Presumably, we would like to allow the former, without the latter. It is arguable whether this corner case justifies weakening the license, but let's explore it.
The Further Restrictions
There are at least two cases where further modification restrictions are already tacitly allowed by the GPLv2, as illuminated by the FSF.
The first is GPL executables on "Live CDs", the second is in ROM. In the Live CD case, the lack of modification is so mild a restriction it can probably be ignored. In the ROM case, the FSF has said that this is fine. I can only assume they feel that there has been no deliberate attempt to remove rights, merely a reasonable physical limitation.
We could extend this logic to cover other "reasonable limitations". Yet we do not want to create an exception which allows an end-run around the license requirements. An exception which allowed the license terms to be ignored if "required for functionality" would become a perverse incentive to design systems with such a requirement in order to subvert the license.
So If We Had an Exception, What Could It Look Like?
Given these constraints, any such exception would need to be minimal in scope and introduce some burden to avoid it becoming an attractive license loophole. So, if such cases are considered important, I suggest the following four step test to relax the "all the same functionality in the same range of circumstances" requirement for modified works:
The first two clauses ensures the restrictions are only open as a reasonable last resort. The third is a safeguard against systems designed solely to subvert the license. It is a weakened version of the intent that the copy recipient be given various freedoms. The fourth term also places the burden on the distributer using this exception: the onus is on them to allow fixes.
I'm not convinced that opening this door is worthwhile, given the complications it would add to the license and limited nature of the problem. But if it is to be opened, I would recommend such safeguards.

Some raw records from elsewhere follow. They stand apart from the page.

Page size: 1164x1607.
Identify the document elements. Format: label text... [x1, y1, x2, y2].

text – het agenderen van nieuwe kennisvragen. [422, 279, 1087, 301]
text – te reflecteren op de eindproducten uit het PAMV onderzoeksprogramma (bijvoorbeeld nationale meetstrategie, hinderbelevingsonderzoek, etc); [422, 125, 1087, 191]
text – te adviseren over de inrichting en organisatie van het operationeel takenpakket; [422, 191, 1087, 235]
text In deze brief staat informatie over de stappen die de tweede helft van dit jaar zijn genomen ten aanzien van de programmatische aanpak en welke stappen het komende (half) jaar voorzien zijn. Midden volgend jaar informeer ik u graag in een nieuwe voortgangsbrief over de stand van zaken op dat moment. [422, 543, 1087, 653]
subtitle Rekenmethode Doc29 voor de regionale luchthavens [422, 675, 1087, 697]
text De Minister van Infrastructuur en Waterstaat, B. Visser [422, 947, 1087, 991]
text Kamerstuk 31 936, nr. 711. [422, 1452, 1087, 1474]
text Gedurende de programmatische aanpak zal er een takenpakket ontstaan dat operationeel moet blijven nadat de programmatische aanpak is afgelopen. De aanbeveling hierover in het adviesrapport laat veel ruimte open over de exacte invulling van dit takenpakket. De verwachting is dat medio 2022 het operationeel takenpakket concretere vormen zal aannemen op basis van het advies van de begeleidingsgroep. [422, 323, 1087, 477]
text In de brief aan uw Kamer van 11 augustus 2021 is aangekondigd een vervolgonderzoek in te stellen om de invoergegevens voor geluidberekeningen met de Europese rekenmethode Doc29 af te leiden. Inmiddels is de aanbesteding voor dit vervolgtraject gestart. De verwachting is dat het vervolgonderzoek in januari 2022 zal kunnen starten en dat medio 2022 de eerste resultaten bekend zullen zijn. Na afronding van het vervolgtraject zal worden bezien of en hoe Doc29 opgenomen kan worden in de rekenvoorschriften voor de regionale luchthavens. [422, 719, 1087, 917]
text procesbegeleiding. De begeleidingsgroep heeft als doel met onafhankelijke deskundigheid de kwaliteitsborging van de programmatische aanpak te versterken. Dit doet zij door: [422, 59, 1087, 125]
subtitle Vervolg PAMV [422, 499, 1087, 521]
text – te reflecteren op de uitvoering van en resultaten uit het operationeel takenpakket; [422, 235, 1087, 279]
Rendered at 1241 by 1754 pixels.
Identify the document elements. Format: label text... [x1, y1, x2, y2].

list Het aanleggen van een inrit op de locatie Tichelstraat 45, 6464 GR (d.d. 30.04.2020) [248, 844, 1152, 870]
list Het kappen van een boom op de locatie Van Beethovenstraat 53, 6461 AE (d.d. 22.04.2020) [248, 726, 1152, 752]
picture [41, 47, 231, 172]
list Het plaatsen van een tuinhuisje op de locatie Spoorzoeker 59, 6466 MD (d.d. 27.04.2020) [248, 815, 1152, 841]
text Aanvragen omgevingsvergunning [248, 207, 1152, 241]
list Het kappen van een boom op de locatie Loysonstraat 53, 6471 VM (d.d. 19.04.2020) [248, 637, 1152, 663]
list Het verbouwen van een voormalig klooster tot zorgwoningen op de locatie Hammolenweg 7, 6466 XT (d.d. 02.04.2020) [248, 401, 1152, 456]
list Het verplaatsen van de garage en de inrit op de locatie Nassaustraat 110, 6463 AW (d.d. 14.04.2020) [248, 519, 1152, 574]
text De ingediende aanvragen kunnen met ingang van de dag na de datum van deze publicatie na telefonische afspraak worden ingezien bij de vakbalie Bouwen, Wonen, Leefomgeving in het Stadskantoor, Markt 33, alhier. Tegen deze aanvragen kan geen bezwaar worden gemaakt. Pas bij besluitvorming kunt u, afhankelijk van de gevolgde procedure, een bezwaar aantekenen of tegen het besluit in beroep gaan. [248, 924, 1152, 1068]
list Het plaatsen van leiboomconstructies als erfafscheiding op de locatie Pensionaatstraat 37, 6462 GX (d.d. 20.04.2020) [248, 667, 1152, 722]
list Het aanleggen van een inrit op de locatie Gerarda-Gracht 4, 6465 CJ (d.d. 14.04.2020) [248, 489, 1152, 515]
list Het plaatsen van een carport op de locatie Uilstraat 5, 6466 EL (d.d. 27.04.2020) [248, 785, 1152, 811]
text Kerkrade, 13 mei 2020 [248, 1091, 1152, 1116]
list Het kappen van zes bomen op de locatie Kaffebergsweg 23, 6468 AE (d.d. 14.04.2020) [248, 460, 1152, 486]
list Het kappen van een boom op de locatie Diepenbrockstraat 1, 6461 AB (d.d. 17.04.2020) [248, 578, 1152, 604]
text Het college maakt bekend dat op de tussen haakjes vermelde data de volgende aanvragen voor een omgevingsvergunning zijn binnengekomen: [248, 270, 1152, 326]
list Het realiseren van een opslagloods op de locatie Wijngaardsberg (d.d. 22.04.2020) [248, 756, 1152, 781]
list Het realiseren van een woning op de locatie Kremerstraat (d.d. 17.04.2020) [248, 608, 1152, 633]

 There is a large case of compromise in the GPLv2: the "system component" exception which allows distribution of GPLv2 binaries which rely on GPL-incompatible libraries, as long as they are "normally distributed with the major components of the operating system". This is a case where the cost of the loophole was judged smaller than the size of the problem if GPL software could not use non-GPL system libraries (almost all of them in 1991).

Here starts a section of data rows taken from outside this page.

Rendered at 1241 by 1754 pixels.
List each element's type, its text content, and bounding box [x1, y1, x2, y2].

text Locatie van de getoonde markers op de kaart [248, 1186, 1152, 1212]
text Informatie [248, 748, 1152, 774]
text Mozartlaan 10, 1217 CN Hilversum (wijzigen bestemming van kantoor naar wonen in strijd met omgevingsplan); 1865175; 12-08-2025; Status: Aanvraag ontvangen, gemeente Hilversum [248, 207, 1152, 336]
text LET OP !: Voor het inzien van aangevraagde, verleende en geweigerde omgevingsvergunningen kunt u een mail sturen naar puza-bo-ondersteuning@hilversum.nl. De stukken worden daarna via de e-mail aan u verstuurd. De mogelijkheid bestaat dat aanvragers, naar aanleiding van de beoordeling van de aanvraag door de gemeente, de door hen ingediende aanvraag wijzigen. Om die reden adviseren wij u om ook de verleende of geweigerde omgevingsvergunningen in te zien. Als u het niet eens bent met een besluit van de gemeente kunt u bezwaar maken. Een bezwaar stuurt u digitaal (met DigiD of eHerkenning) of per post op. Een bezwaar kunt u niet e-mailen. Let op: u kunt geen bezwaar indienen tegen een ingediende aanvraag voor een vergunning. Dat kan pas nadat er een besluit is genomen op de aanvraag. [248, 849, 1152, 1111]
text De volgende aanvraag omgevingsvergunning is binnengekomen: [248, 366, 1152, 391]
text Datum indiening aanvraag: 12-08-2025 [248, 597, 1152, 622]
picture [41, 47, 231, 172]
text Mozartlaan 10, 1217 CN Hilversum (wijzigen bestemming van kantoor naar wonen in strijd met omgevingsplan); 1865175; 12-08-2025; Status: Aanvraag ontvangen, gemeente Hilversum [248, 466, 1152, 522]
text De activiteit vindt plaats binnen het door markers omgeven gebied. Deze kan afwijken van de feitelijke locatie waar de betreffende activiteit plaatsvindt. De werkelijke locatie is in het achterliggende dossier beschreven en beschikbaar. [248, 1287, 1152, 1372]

 I went through this a few years back with a lawyer when reviewing a (RedHat) patch to the Linux module code, and seems to be addressed explicitly in GPLv3's "use of the work normally implies the user already has the key". The key is randomly generated at build time by the build scripts in this case.
 Or "conveying" in GPLv3-speak.
 A terrible idea for government elections, but they could improve representation where alternatives are even less reliable, such as widely-distributed organizations.
 All software has bugs, and authentication technologies do not prevent them from being exploited.
 Unlike proprietary code which can do obfuscated self-checks, GPL code cannot even do this due to source availability, so verification may be an answer.
 In this case, the individual user might want to subvert the election, so we cannot predicate the exception on their interest.